Collection entries:
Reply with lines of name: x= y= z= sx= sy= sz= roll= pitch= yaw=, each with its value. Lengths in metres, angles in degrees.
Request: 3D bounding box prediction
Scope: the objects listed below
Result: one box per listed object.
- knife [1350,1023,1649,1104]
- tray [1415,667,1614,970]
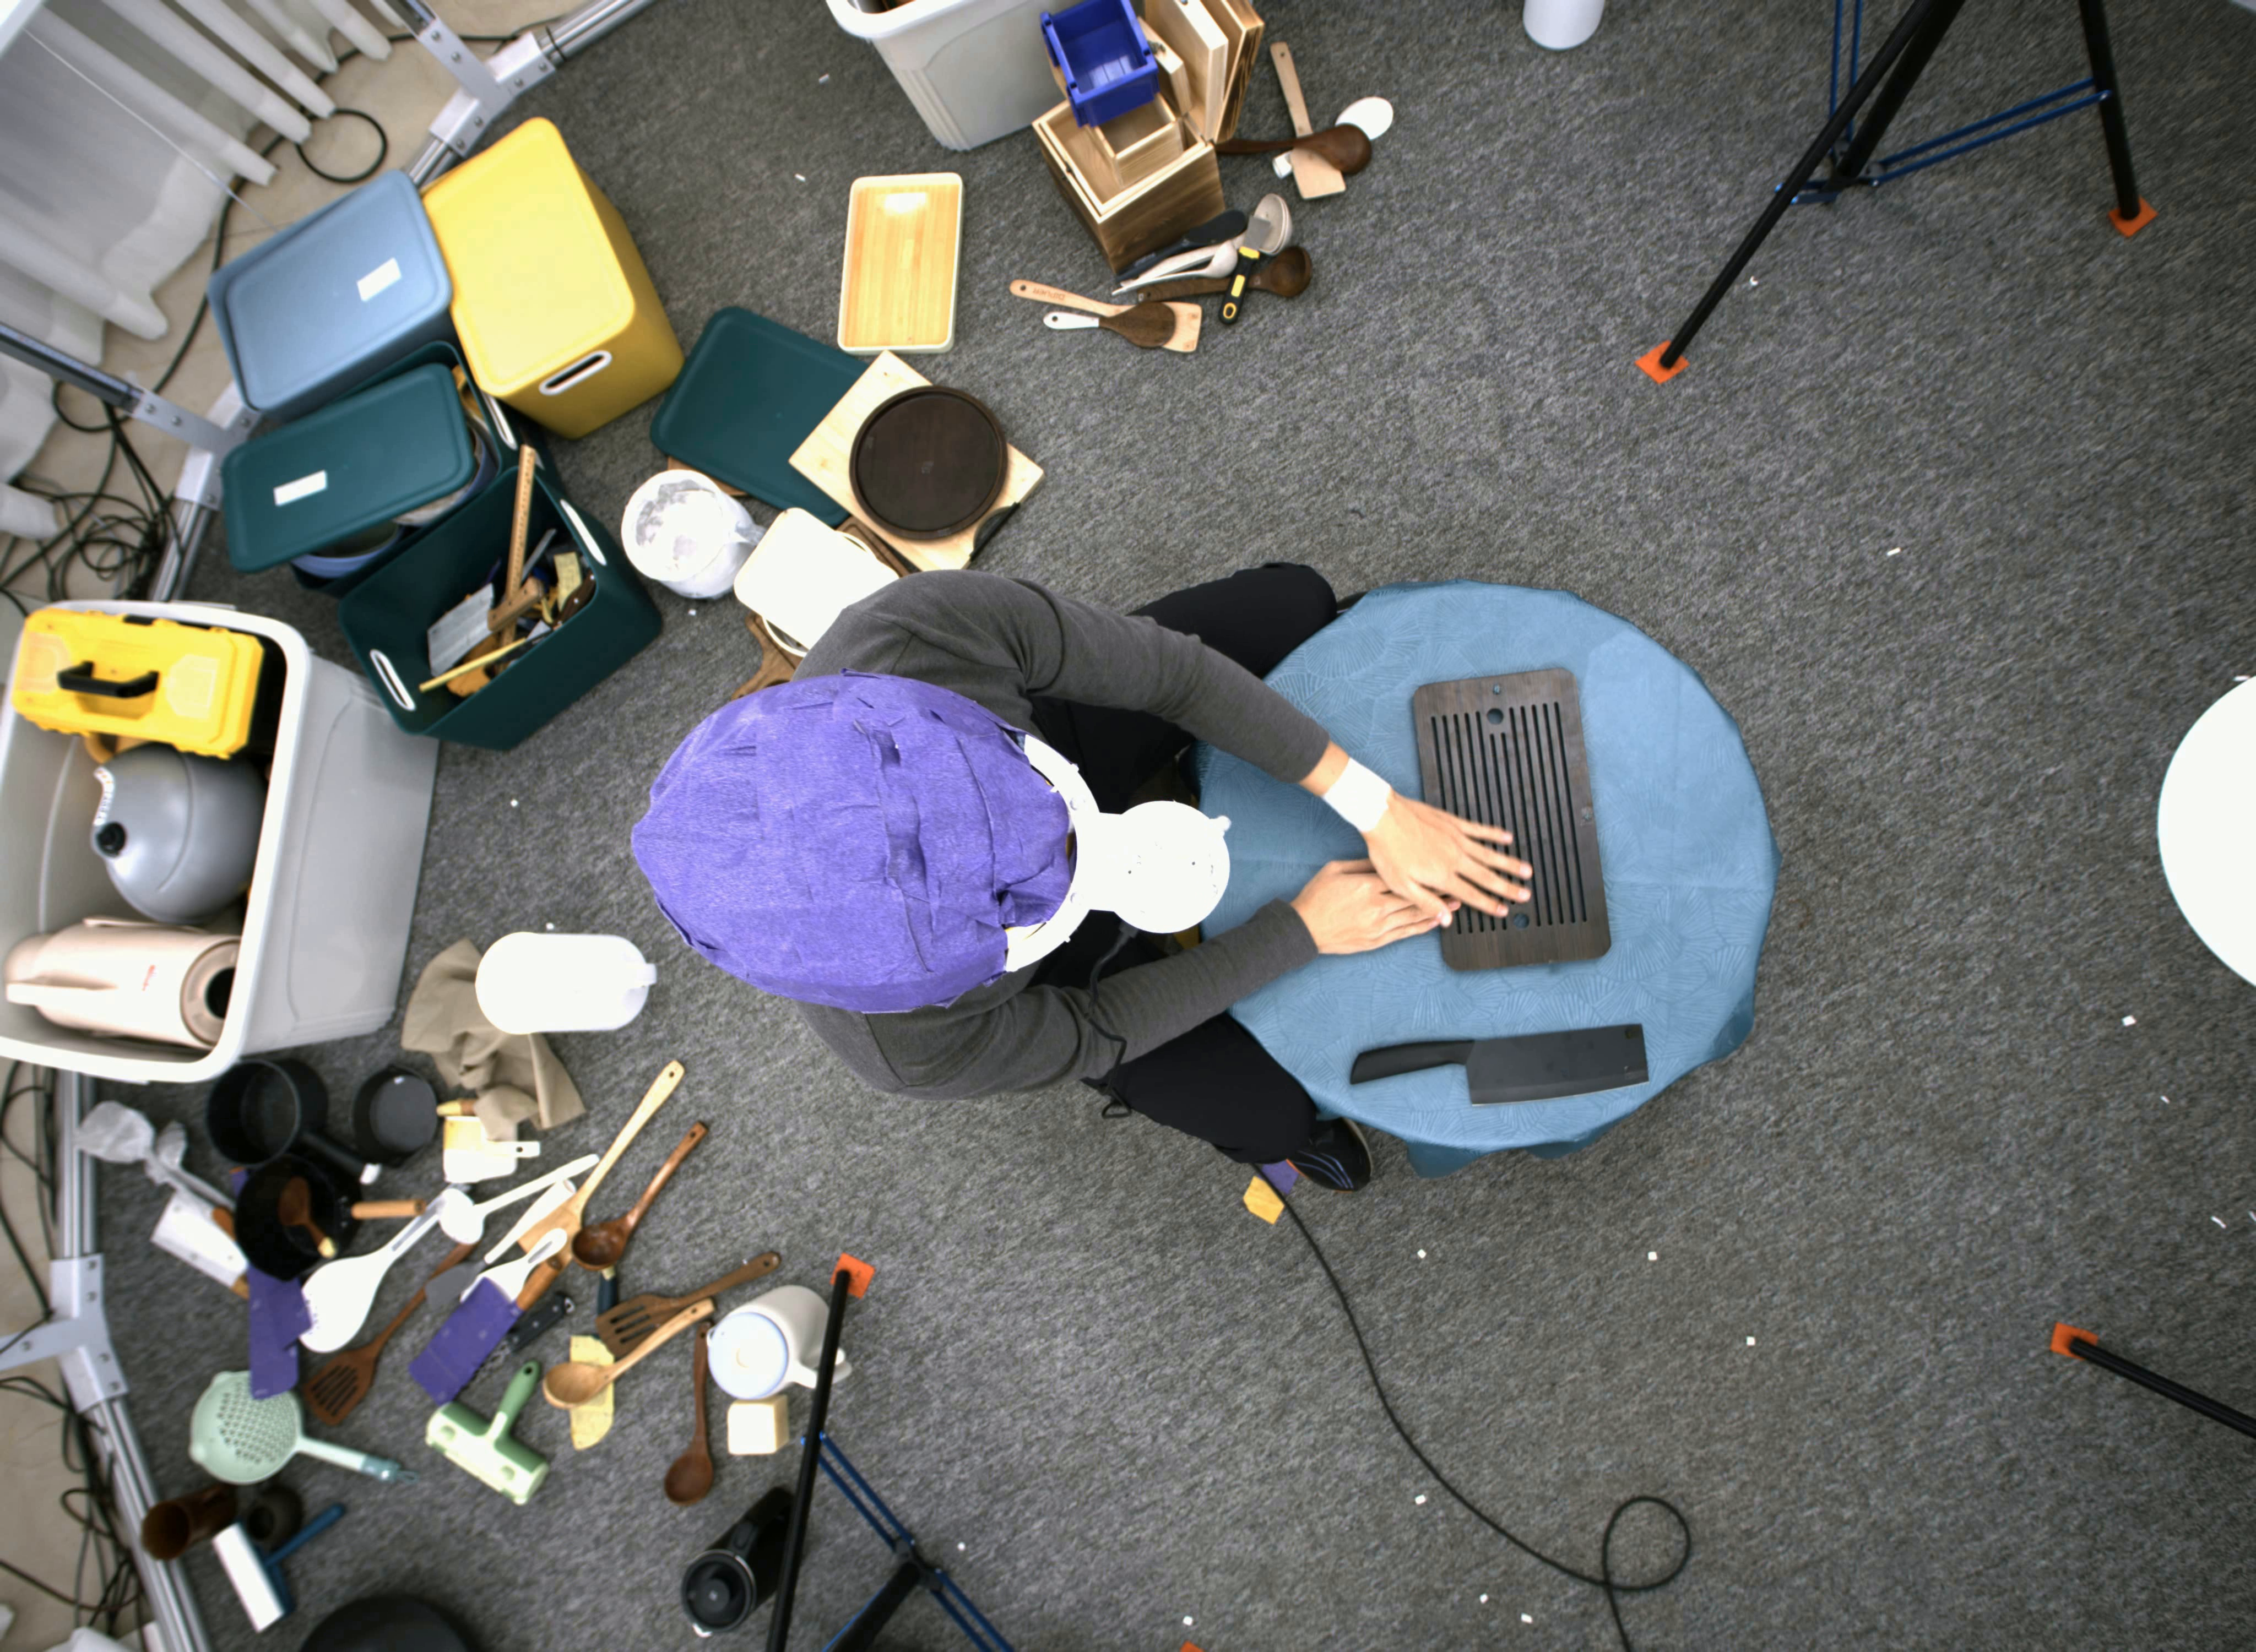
knife: x=0.381 y=0.245 z=1.423 sx=0.303 sy=0.021 sz=0.080 roll=-3 pitch=87 yaw=9
tray: x=0.401 y=-0.010 z=1.431 sx=0.171 sy=0.018 sz=0.304 roll=-6 pitch=85 yaw=11

* **What the task asks**
Type out the entries again without a single change, and leave the pictures out.

* **Response area**
Reply with lines of name: x= y= z= sx= sy= sz= roll= pitch= yaw=, each with its value. Lengths in metres, angles in degrees.
Request: 3D bounding box prediction
Scope: the objects listed below
Result: one box per listed object.
- knife [1350,1023,1649,1104]
- tray [1415,667,1614,970]
knife: x=0.381 y=0.245 z=1.423 sx=0.303 sy=0.021 sz=0.080 roll=-3 pitch=87 yaw=9
tray: x=0.401 y=-0.010 z=1.431 sx=0.171 sy=0.018 sz=0.304 roll=-6 pitch=85 yaw=11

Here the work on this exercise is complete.